PharmTech: Is information technology a factor?
Tissot: Yes, it is a crucial factor. The requirement for compliance to 21 Code of Federal Register (CFR) Part 11 for R&D methods is not as critical as it is for cGMP methods.
For some high-end methods, it is still very possible that the software used to analyze data is not yet Part 11 compliant. When such a method needs to be validated, the risk management has also to account for the workarounds to be implemented around the data acquisition and interpretation. This is not trivial and requires close collaboration between the scientific staff, quality assurance and computerized system validation groups, and sometimes, the instrument manufacturer. This consideration needs to be more apparent to R&D scientists, with the understanding that the method might eventually be pushed to the QC lab.
PharmTech: How can both partners minimize risk?
Tissot: Mostly by opening up lines of communication and work around the language barrier between R&D and QC. In any circumstance, take a stepwise approach while evaluating whether the method can be transferred to GMP. Our first phase of evaluation is performed on our instrumentation, leveraging our ability to do R&D in a regulated environment. Based on that first evaluation, we define critical checkpoints (i.e., what may pose problem to specificity, repeatability or any other critical validation requirement) and parameters which may require optimization or adjustments. We evaluate critical reagents and work our way through defining multiple suppliers to briefly assess robustness , whenever necessary. The method is now in a “state” where it can be evaluated more in depth for its applicability to release.

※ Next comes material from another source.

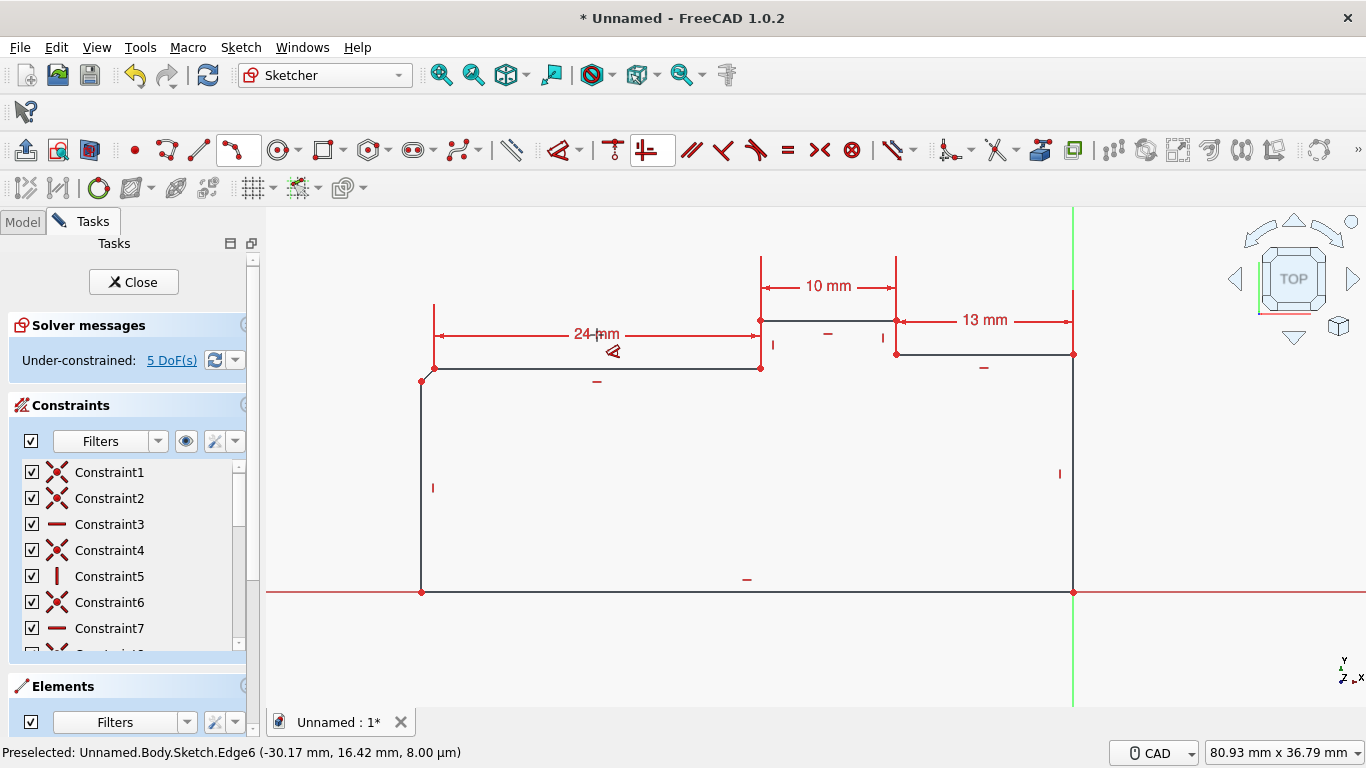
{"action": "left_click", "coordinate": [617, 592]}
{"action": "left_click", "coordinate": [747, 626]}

What will be investigated next will depend on the use of the assay: whether it is for an identity test, the monitoring of CQA, or for quantitative residual testing. Each application will have a set of parameters for which specifications would need to be defined. Based on these, we will either optimize further or go straight to a pre-validation or pre-qualification study to see how the method fares and what could be the targeted acceptance criteria. What is needed here will also depend on the clinical phase for which the method needs to be validated. Stringency on acceptance criteria and extent of the study will be different depending on whether the product is in Phase I or III. Once everything has been empirically assessed, we can then work on a validation protocol.

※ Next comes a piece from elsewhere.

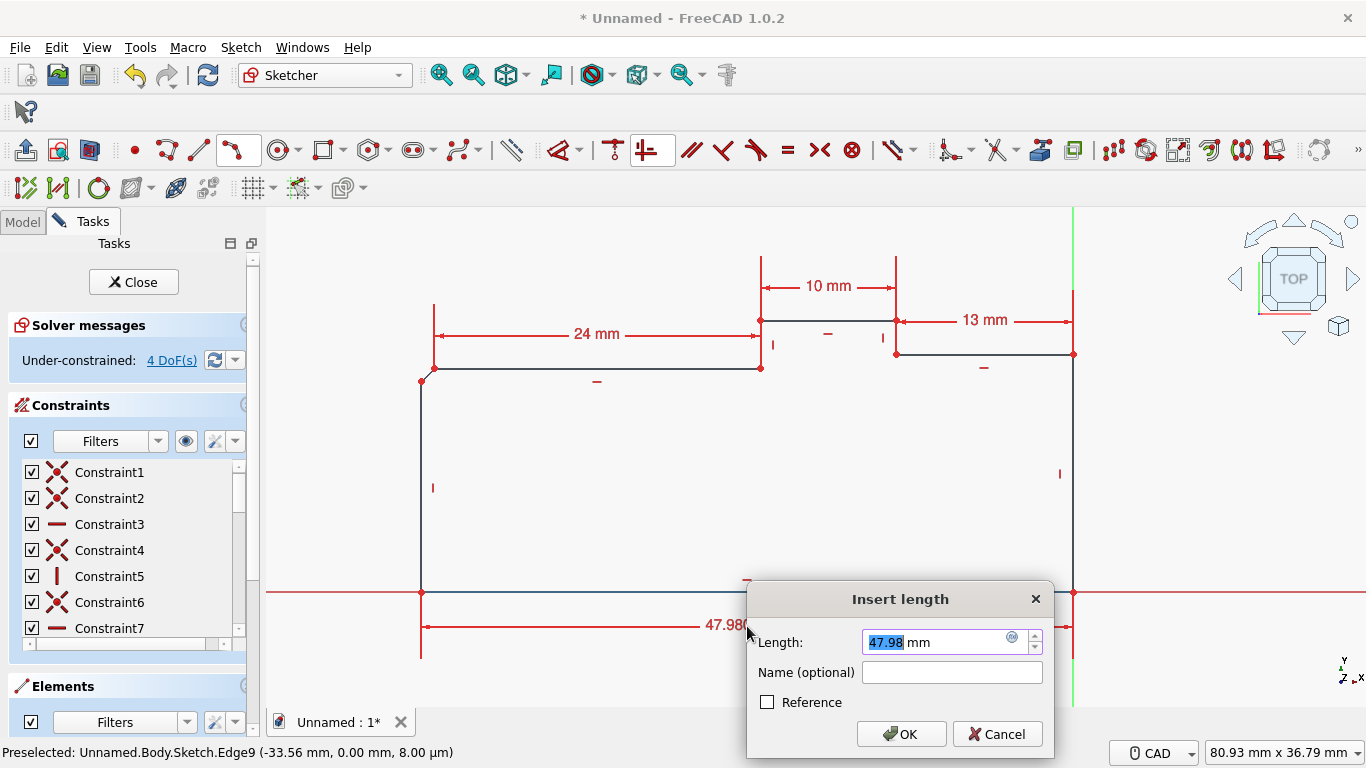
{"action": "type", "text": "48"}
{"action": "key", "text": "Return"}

PharmTech: Have you ever had to ‘just say no’ to a project?
Tissot: It is always difficult to say no because most of the time, it is not that the method is impossible to work with, but rather the requirements that are coming with the transfer. For example, when companies want to validate one of their R&D methods, but then ask for it to be validated within a week, they need to understand that this is not likely to be achievable. Rushing to such a critical step in their analytical development is likely to result in them shooting themselves in the foot and incurring the risk of running into extensive and expensive remediation work.
Success requires a lot of homework and careful, educated evaluation of method from a preparation, analytical and software/IT standpoint. The focus cannot be only on the instrument acquiring the data, but must include the software analyzing those data and the way the data are being recorded. Everything must be considered.
PharmTech: How can you do the work and comply when the software isn’t Part 11 compliant?
Tissot: It requires creativity and a good handle on the compliance and regulatory requirements. Analytical instrument manufacturers are working on solutions. One can assume that there will be fewer and fewer of these gaps in the very near future.